Recevant à Bickfaya une délégation de la commission parlementaire chinoise des Affaires étrangères, M. Gemayel a effectué avec ses interlocuteurs un tour d’horizon des principaux sujets de l’heure, en particulier de la situation en Syrie. Le chef des Kataëb a invité la Chine à « jouer un plus grand rôle dans la région et à défendre le plan de règlement de la crise proposé par la Ligue arabe auprès des instances internationales ».
« La Chine peut renoncer au veto et lancer une initiative diplomatique susceptible de mettre fin rapidement à la tragédie syrienne », a-t-il affirmé.
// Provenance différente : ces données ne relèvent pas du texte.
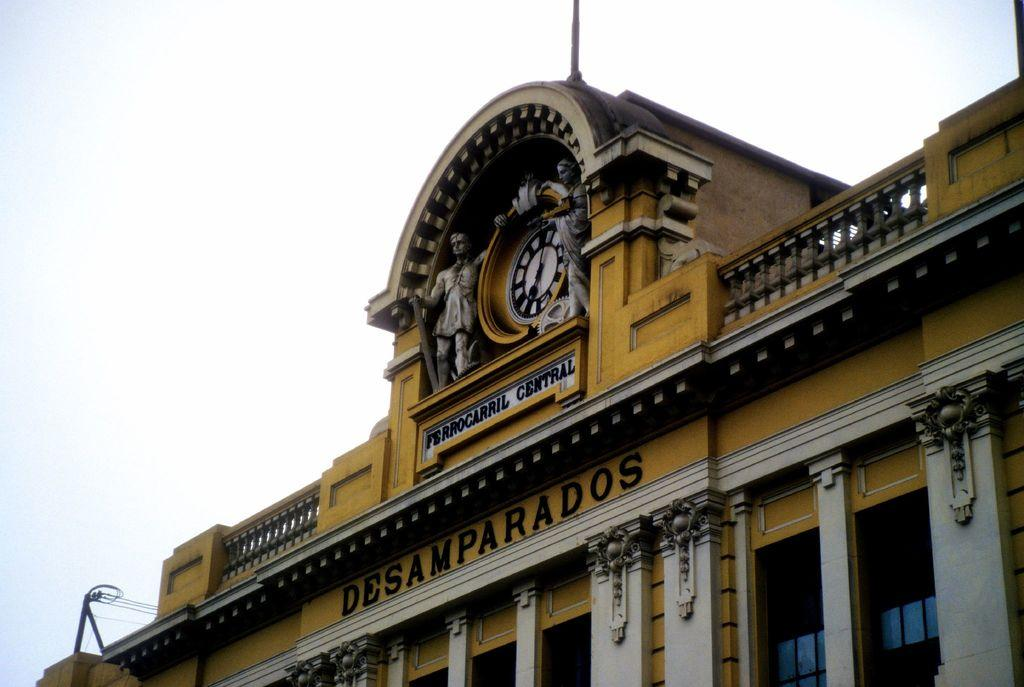<image>
Relay a brief, clear account of the picture shown. The Central railway in Desamparados, is a burnt, yellow color with concrete accents. 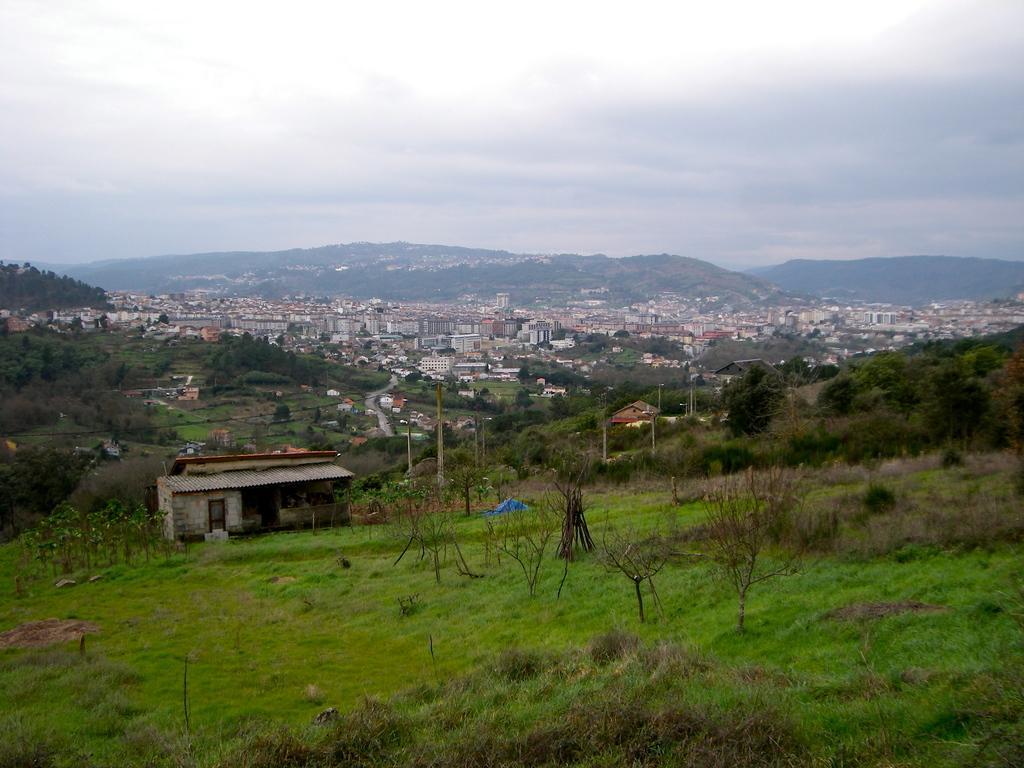Describe this image in one or two sentences. This image consists of so many buildings in the middle. This image is taken from a hilly area. There is grass in this image. There are trees in the middle. There is sky at the top. 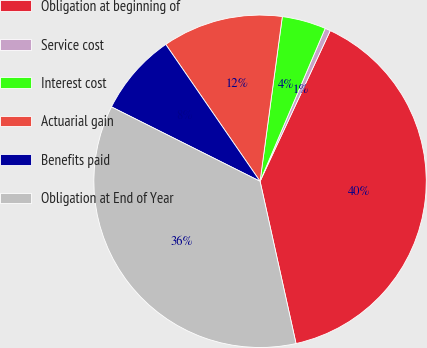Convert chart. <chart><loc_0><loc_0><loc_500><loc_500><pie_chart><fcel>Obligation at beginning of<fcel>Service cost<fcel>Interest cost<fcel>Actuarial gain<fcel>Benefits paid<fcel>Obligation at End of Year<nl><fcel>39.59%<fcel>0.53%<fcel>4.27%<fcel>11.74%<fcel>8.01%<fcel>35.86%<nl></chart> 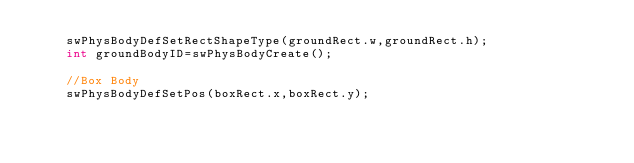Convert code to text. <code><loc_0><loc_0><loc_500><loc_500><_C++_>	swPhysBodyDefSetRectShapeType(groundRect.w,groundRect.h);
	int groundBodyID=swPhysBodyCreate();

	//Box Body
	swPhysBodyDefSetPos(boxRect.x,boxRect.y);</code>

Le leader Kataëb s’est dit inquiet de l’impact que peut avoir la prolongation de la crise en Syrie sur l’infrastructure de ce pays qui rendrait difficile, par la suite, son relèvement économique.
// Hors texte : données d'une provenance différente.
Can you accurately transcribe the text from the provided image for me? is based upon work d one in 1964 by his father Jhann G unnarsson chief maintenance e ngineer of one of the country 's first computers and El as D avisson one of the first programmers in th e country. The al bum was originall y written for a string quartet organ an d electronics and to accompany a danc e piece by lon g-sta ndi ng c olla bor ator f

Sur un plan plus personnel, M. Gemayel s’est plu à évoquer avec ses interlocuteurs ses liens d’amitié avec le Dr Georges Hatem, qui fut des années durant le médecin personnel de Mao Tsé Toung. Une statue du Dr Hatem trône sur la place publique à Hammana, son village natal. Son neveu faisait partie de la délégation chinoise.
De son côté, le chef de la délégation parlementaire chinoise a affirmé qu’il est faux de penser que la Chine « appuie ou protège le régime syrien ». Il a affirmé que Pékin ne se tient aux côtés d’aucun des deux camps, mais agit conformément à la Charte de l’ONU et des principes constants de son action, comme le principe de non-ingérence dans les affaires intérieures d’un autre pays. Il a donc appelé à un règlement rapide de la crise, par la voie du dialogue et du compromis, tout en apportant son appui à l’initiative de Kofi Annan.